(Data records)
»»
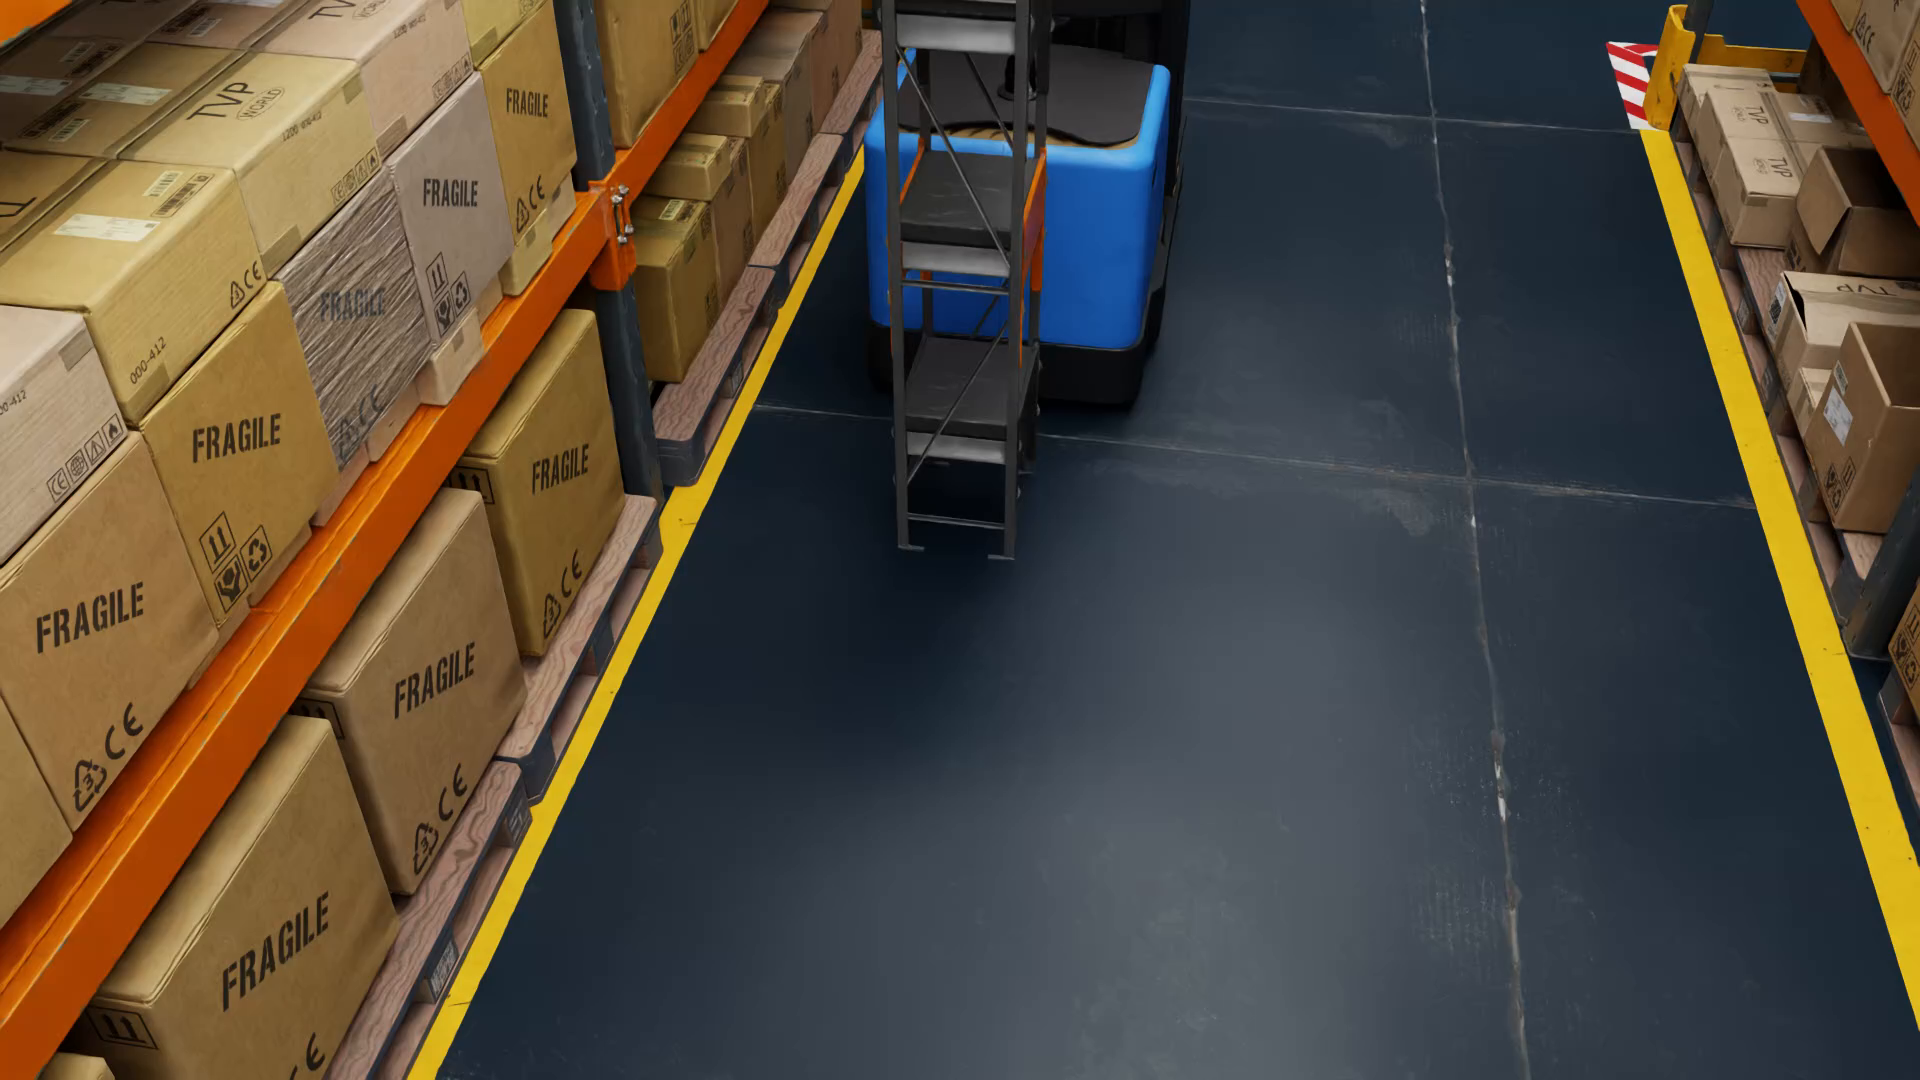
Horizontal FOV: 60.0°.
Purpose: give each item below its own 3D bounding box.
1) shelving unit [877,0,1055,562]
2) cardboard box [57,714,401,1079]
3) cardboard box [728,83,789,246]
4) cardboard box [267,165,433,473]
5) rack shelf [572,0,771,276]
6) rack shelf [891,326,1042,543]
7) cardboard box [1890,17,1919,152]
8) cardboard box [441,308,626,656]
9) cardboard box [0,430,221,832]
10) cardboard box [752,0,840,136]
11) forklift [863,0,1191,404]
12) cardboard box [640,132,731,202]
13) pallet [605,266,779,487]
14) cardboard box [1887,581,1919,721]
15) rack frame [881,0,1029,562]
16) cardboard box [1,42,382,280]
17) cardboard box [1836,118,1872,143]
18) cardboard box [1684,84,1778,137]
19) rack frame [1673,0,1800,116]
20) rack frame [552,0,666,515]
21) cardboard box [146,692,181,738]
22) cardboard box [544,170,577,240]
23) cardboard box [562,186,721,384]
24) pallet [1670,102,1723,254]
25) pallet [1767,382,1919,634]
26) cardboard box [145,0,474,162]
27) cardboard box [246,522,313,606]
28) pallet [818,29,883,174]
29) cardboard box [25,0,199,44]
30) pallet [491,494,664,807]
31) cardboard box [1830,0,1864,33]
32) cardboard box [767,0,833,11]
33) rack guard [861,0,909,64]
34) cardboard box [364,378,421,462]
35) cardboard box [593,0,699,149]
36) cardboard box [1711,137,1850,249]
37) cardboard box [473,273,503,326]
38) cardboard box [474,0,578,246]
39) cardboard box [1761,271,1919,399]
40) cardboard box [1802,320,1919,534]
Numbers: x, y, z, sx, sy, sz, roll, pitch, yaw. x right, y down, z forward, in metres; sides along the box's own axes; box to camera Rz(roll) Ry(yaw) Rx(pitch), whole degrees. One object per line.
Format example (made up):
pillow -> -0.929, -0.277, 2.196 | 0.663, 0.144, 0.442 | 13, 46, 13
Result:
shelving unit -> 0.029, -0.913, 5.207 | 0.431, 2.100, 0.503 | 6, 40, 8
cardboard box -> -1.827, 0.877, 3.693 | 0.750, 0.750, 0.750 | 6, 40, 7
cardboard box -> -1.137, -1.598, 6.961 | 0.700, 0.500, 0.500 | 7, 40, 9
cardboard box -> -1.554, -0.512, 3.688 | 0.500, 0.500, 0.500 | 6, 40, 8
rack shelf -> -1.203, -2.282, 6.721 | 1.077, 0.370, 4.000 | 6, 40, 8
rack shelf -> 0.029, -0.363, 5.661 | 0.431, 0.518, 0.480 | 6, 40, 8
cardboard box -> 3.252, -1.465, 5.089 | 0.500, 0.500, 0.500 | 7, 40, 9
cardboard box -> -1.533, -0.215, 5.014 | 0.750, 0.750, 0.750 | 7, 40, 8
cardboard box -> -1.718, 0.129, 2.912 | 0.500, 0.500, 0.500 | 6, 40, 7
cardboard box -> -0.966, -2.249, 7.748 | 0.700, 0.500, 0.500 | 6, 40, 8
forklift -> 0.416, -2.582, 6.572 | 1.130, 2.935, 3.031 | 7, 40, 8
cardboard box -> -1.080, -1.406, 6.219 | 0.380, 0.149, 0.250 | 8, 40, 9
pallet -> -1.340, -0.698, 6.429 | 1.003, 0.211, 1.213 | 6, 40, 8
cardboard box -> 3.007, 0.310, 4.637 | 0.500, 0.500, 0.500 | 5, 40, 6
rack frame -> -0.014, -0.760, 5.021 | 0.400, 2.100, 0.015 | 6, 40, 8
cardboard box -> -1.564, -0.793, 3.439 | 0.500, 0.250, 0.500 | 7, 40, 9
cardboard box -> 4.013, -1.736, 7.374 | 0.380, 0.166, 0.250 | 6, 40, 8
cardboard box -> 3.569, -1.967, 7.653 | 0.380, 0.166, 0.250 | 6, 40, 8
rack frame -> 4.023, -3.271, 7.352 | 1.000, 3.000, 0.127 | 6, 40, 8
rack frame -> -1.549, -1.304, 4.974 | 1.000, 3.000, 0.127 | 6, 40, 8
cardboard box -> -1.761, 0.303, 3.210 | 0.380, 0.149, 0.250 | 7, 40, 8
cardboard box -> -1.329, -0.972, 4.753 | 0.380, 0.149, 0.250 | 7, 40, 8
cardboard box -> -1.319, -0.961, 6.190 | 0.700, 0.500, 0.500 | 7, 40, 8
pallet -> 3.873, -1.648, 7.578 | 1.003, 0.211, 1.213 | 6, 40, 8
pallet -> 3.450, -0.117, 5.726 | 1.003, 0.211, 1.213 | 6, 40, 8
cardboard box -> -1.476, -1.113, 3.826 | 0.500, 0.250, 0.500 | 7, 40, 9
cardboard box -> -1.649, -0.014, 3.594 | 0.380, 0.149, 0.250 | 8, 40, 9
pallet -> -0.918, -2.230, 8.281 | 1.003, 0.211, 1.213 | 6, 40, 8
cardboard box -> -1.969, -1.165, 3.889 | 0.500, 0.250, 0.500 | 7, 40, 8
pallet -> -1.608, 0.263, 5.266 | 1.003, 0.211, 1.213 | 6, 40, 8
cardboard box -> 3.424, -2.107, 5.866 | 0.500, 0.500, 0.500 | 7, 40, 8
cardboard box -> -0.766, -2.552, 7.605 | 0.380, 0.149, 0.250 | 7, 40, 9
rack guard -> -0.853, -2.866, 8.825 | 1.175, 0.500, 0.348 | 6, 40, 8
cardboard box -> -1.534, -0.335, 3.983 | 0.380, 0.149, 0.250 | 6, 40, 8
cardboard box -> -1.439, -1.759, 5.288 | 0.980, 0.700, 0.700 | 7, 40, 8
cardboard box -> 3.476, -1.443, 6.954 | 0.500, 0.250, 0.500 | 6, 40, 8
cardboard box -> -1.438, -0.653, 4.368 | 0.380, 0.149, 0.250 | 8, 40, 9
cardboard box -> -1.381, -1.148, 4.457 | 0.500, 0.500, 0.500 | 6, 40, 7
cardboard box -> 3.280, -0.753, 6.072 | 0.500, 0.311, 0.500 | 6, 40, 8
cardboard box -> 3.150, -0.356, 5.442 | 0.500, 0.500, 0.500 | 6, 40, 8
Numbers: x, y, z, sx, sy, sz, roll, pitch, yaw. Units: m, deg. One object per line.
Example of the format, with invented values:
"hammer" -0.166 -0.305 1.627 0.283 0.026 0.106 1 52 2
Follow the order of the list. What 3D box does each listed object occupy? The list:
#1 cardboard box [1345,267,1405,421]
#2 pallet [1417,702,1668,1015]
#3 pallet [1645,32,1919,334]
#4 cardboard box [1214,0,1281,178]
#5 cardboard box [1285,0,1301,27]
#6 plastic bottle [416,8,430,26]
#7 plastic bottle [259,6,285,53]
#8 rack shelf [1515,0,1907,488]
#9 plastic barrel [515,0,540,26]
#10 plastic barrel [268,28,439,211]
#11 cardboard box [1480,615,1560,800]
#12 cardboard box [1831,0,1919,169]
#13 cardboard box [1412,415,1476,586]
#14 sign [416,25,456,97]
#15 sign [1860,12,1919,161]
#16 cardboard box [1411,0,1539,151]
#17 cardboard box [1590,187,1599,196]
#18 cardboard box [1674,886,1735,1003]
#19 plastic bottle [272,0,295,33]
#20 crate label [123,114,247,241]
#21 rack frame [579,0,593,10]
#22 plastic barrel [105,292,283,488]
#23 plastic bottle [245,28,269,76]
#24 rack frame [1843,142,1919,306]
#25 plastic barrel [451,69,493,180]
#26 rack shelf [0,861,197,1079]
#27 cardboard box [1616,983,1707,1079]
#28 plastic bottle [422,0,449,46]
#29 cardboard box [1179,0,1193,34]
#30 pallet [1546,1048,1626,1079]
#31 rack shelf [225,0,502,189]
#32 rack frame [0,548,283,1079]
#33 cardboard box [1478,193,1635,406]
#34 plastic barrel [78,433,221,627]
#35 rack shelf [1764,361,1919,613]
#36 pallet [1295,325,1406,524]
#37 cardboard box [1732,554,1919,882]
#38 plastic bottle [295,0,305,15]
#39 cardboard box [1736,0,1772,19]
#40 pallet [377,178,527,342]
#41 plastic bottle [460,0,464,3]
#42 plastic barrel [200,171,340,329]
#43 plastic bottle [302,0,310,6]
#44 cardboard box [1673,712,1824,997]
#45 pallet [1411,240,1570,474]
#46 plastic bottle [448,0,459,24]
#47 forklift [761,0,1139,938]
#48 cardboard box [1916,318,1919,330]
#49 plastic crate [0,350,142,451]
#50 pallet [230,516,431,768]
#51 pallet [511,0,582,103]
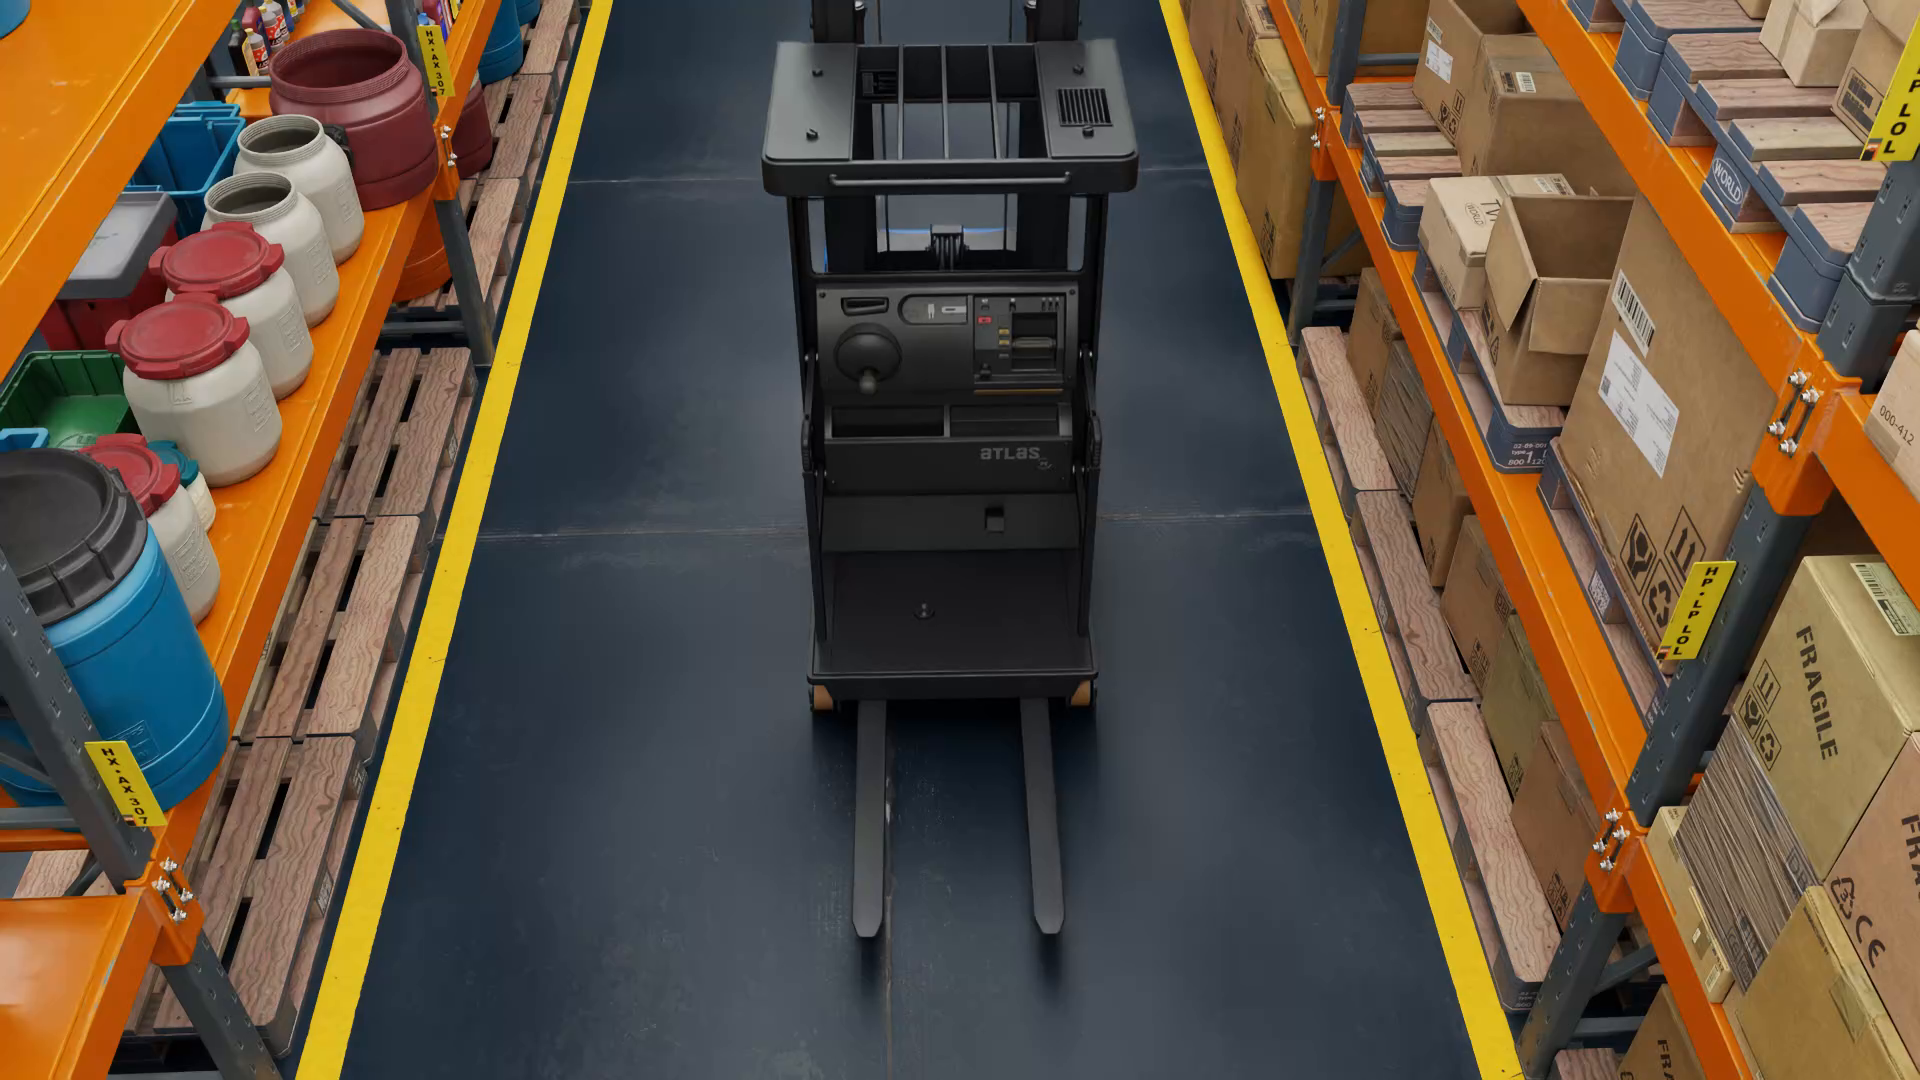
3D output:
"cardboard box" 2.194 -0.909 7.546 0.700 0.500 0.500 -4 43 -4
"pallet" 2.281 1.083 5.912 1.003 0.211 1.213 -2 43 -2
"pallet" 2.396 -0.876 3.905 1.213 0.211 1.003 -2 43 -2
"cardboard box" 2.107 -2.560 9.085 1.225 0.875 0.875 -2 43 -2
"cardboard box" 1.862 -2.820 8.032 0.500 0.500 0.500 -2 43 -2
"plastic bottle" -2.476 -2.311 7.646 0.097 0.271 0.097 0 43 0
"plastic bottle" -3.243 -2.400 7.795 0.097 0.201 0.097 0 43 0
"rack shelf" 2.231 -1.610 5.099 1.077 0.370 4.000 -2 43 -2
"plastic barrel" -2.966 -3.692 10.300 0.600 0.901 0.708 -2 43 -2
"plastic barrel" -2.480 -1.723 6.810 0.600 0.536 0.708 -2 43 -2
"cardboard box" 2.310 0.602 5.898 0.700 0.500 0.500 -2 43 -2
"cardboard box" 2.395 -1.038 3.556 0.797 0.503 0.637 -4 43 -4
"cardboard box" 2.262 -0.152 6.720 0.700 0.500 0.500 2 43 2
"sign" -2.253 -2.058 7.155 0.100 0.325 0.005 -2 43 -2
"sign" 1.761 -0.843 3.055 0.100 0.325 0.005 -2 43 -2
"cardboard box" 2.209 -1.948 6.771 0.500 0.500 0.500 -6 43 -7
"cardboard box" 2.486 -1.107 6.027 0.396 0.266 0.258 -3 43 -3
"cardboard box" 2.022 0.996 4.129 0.380 0.149 0.250 -2 43 -2
"plastic bottle" -3.251 -2.557 7.915 0.097 0.271 0.097 0 43 0
"crate label" -3.031 -1.312 6.436 0.502 0.435 0.616 -2 43 -2
"rack frame" -2.973 -4.678 10.134 1.000 3.000 0.127 -2 43 -2
"plastic barrel" -2.486 -0.475 5.448 0.433 0.535 0.433 0 43 0
"plastic bottle" -3.233 -2.244 7.625 0.097 0.201 0.097 0 43 0
"rack frame" 2.316 -1.631 2.370 1.000 3.000 0.127 -2 43 -2
"plastic barrel" -2.888 -2.336 9.052 0.600 0.588 0.708 -2 43 -2
"rack shelf" -2.548 2.338 3.012 1.077 0.370 4.000 -2 43 -2
"cardboard box" 2.293 1.618 4.804 0.500 0.500 0.500 -3 43 -3
"plastic bottle" -2.466 -2.459 7.800 0.061 0.283 0.133 -2 43 -2
"cardboard box" 2.023 -3.760 10.394 1.225 0.875 0.875 -2 43 -2
"pallet" 2.380 2.061 4.845 1.003 0.211 1.213 -2 43 -2
"rack shelf" -2.888 -3.063 8.904 1.077 0.370 4.000 -2 43 -2
"rack frame" -2.630 0.723 4.242 0.949 2.616 0.053 -2 43 -2
"cardboard box" 2.150 -0.780 5.494 0.797 0.503 0.637 2 43 3
"plastic barrel" -2.454 0.020 4.907 0.433 0.535 0.433 0 43 0
"rack shelf" 2.401 1.090 2.153 1.077 0.370 4.000 -2 43 -2
"pallet" 2.178 -0.564 7.709 1.003 0.211 1.213 -2 43 -2
"cardboard box" 2.081 0.376 3.585 0.500 0.500 0.500 -2 43 -2
"plastic bottle" -3.259 -2.688 8.058 0.097 0.271 0.097 0 43 0
"cardboard box" 2.354 -1.674 4.250 0.797 0.503 0.637 0 43 0
"pallet" -2.878 -1.481 8.709 1.003 0.211 1.213 -2 43 -2
"plastic bottle" -2.488 -2.796 8.167 0.061 0.283 0.133 -2 43 -2
"plastic barrel" -2.528 -1.046 6.089 0.421 0.512 0.421 0 43 0
"plastic bottle" -3.263 -2.728 8.153 0.097 0.201 0.097 0 43 0
"cardboard box" 2.273 0.740 3.929 0.875 0.500 0.500 -2 43 -2
"pallet" 2.271 -0.714 5.951 1.003 0.211 1.213 -2 43 -2
"plastic bottle" -2.478 -2.640 7.997 0.061 0.283 0.133 -2 43 -2
"forklift" -0.036 -0.634 5.772 1.130 2.935 3.031 -1 43 -1
"cardboard box" 2.022 -0.389 3.050 0.380 0.149 0.250 -3 43 -3
"plastic crate" -2.989 -0.367 5.587 0.450 0.188 0.662 -2 43 -2
"pallet" -2.760 0.396 6.662 1.003 0.211 1.213 -2 43 -2
"pallet" -2.981 -3.128 10.506 1.003 0.211 1.213 -2 43 -2
««
→ WORK TO COMPLETE
Please make an exact copy of the lines above from the line with "#41 plastic bottle [460,0,464,3]" through the line with "#51 pallet [511,0,582,103]", both ends included.

→ COMPLETED EXERCISE
#41 plastic bottle [460,0,464,3]
#42 plastic barrel [200,171,340,329]
#43 plastic bottle [302,0,310,6]
#44 cardboard box [1673,712,1824,997]
#45 pallet [1411,240,1570,474]
#46 plastic bottle [448,0,459,24]
#47 forklift [761,0,1139,938]
#48 cardboard box [1916,318,1919,330]
#49 plastic crate [0,350,142,451]
#50 pallet [230,516,431,768]
#51 pallet [511,0,582,103]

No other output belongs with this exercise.